In general we can take the highest ranking score for each member of the test set and then compute a confusion matrix.  The result is shown below.  Each row of the table represents the percent of the best guesses from the system for the row label.

gensim_confusion

One interesting observation here is that in the cases where there is an error in the first guess, the most common mistake was to classify an abstract as mathematics.

Moving the model to Algorithmia

Moving the model to Algorithmia is surprisingly simple.  The first step is to create a data collection in the Algorithmia data cloud.   We created one called “gensim” and it contains the three important files: the gensim model,  topicdict, the dictionary that translates ArXiv topics to our major topics, and the ArXiv topics associated with each of the training documents.   The Algorithmia collection is shown below.  We also loaded the training document titles but they are not necessary.

gensim_algorithmia_data

The main difference between running a trained model in Algorithmia and that of a “normal” algorithm is the part where you load the model from the data container.   The skeleton of the python code now includes a function load_model()which you write and a line that invokes this function as shown below.  Now when your algorithm is loaded into the microservice it first calls the load_model()before invoking the apply(input) function.   For all subsequent invocations of you algorithm while it running in that microservice instance the model is already loaded. (The full source code is here. )

import Algorithmia
import gensim
From gensim.models.doc2vec import Doc2Vec
client = Algorithmia.client()
def load_model():
    file_path = 'data://dbgannon/gensim/gensim_model'
    file_path = client.file(file_path).getFile().name
    model = Doc2Vec.load(file_path)
    # similarly load train_sites and topicdict
    # and create mar by normalizing model data
    return model, mar, topicdict, train_sites

model, mar, topicdict, train_sites = load_model()
def find_best_topic(abstract):
    #body of find_best_topic
def apply(input):
    out = find_best_topic(input)
    return out

Deploying the algorithm follows the same procedure as before.   We add the new algorithm from the Algorithmia portal and clone it.   Assuming the SciDocClassifier.py contains our final version of the source,  we execute the following commands.

git add SciDocClassifier.py
git commit -m "second commit"
git push origin master

Returning to the Algorithmia portal, we can go to the project source editor.

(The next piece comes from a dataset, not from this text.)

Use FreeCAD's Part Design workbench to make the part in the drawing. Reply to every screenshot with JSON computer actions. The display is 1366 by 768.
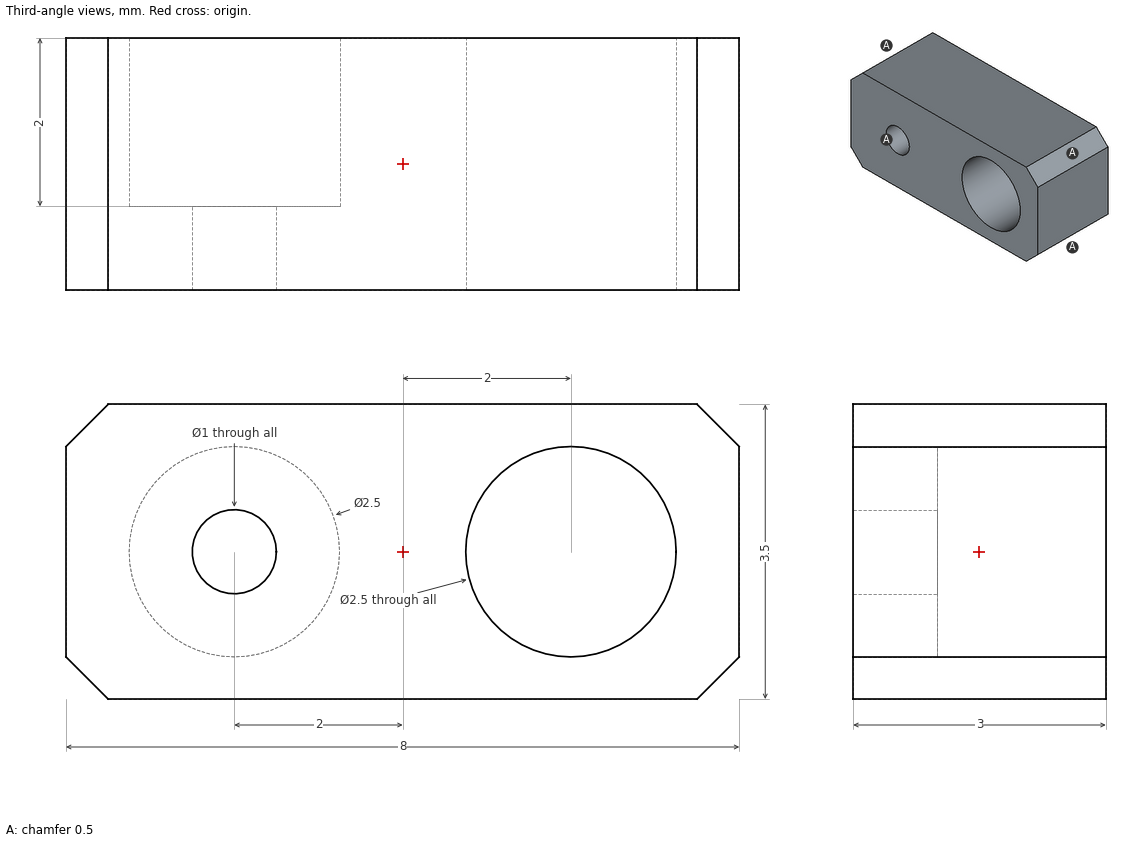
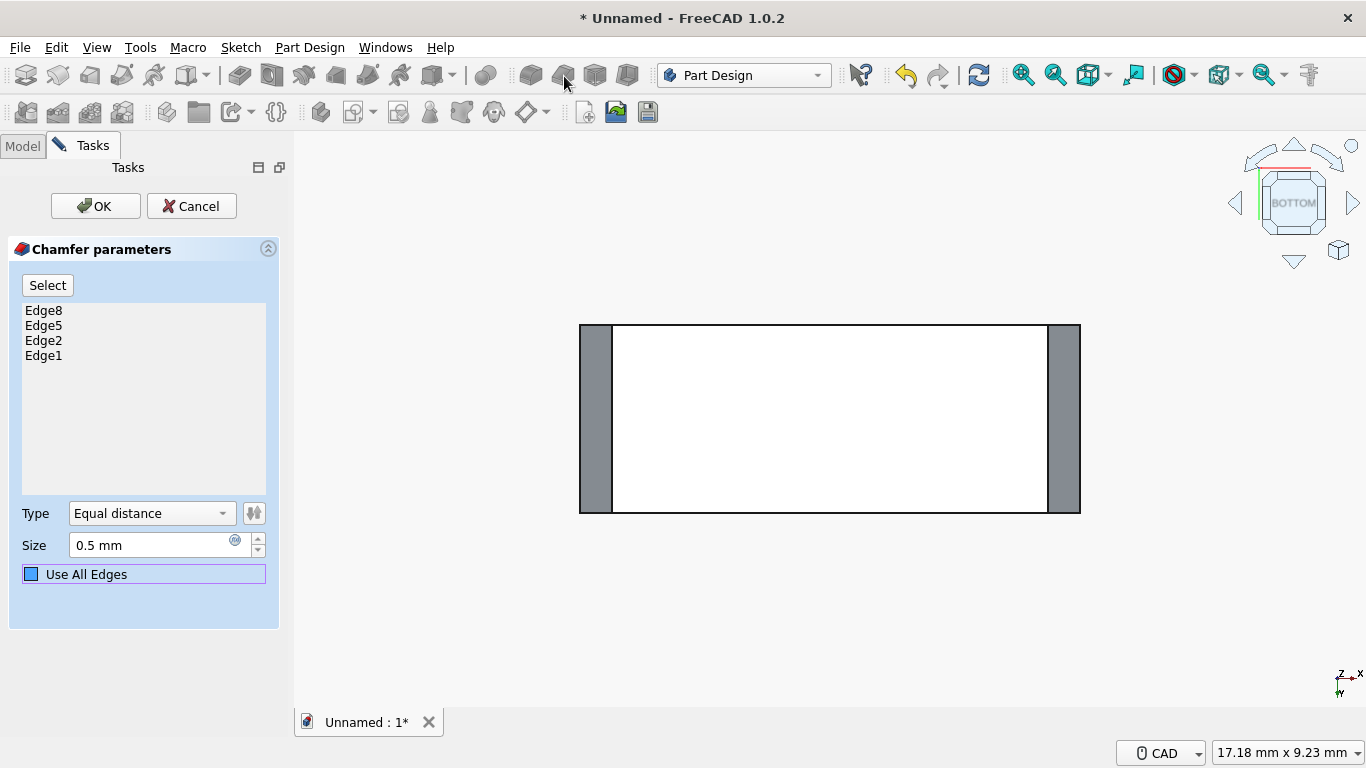
{"action": "left_click", "coordinate": [96, 206]}

From there we need to add the code dependencies. In this case, we wanted exactly the same versions of gensim and Numpy we used in our development environment. As shown below that was easy to specify.

algorithmia-dependencies

The final version has been published as dbgannon/SciDocClassifer and is available for anyone to use.  Once again, our experience with using Algorithmia’s tools have been easy to use and fun to experiment with. There are many algorithms to try out and a starter free account is all you need.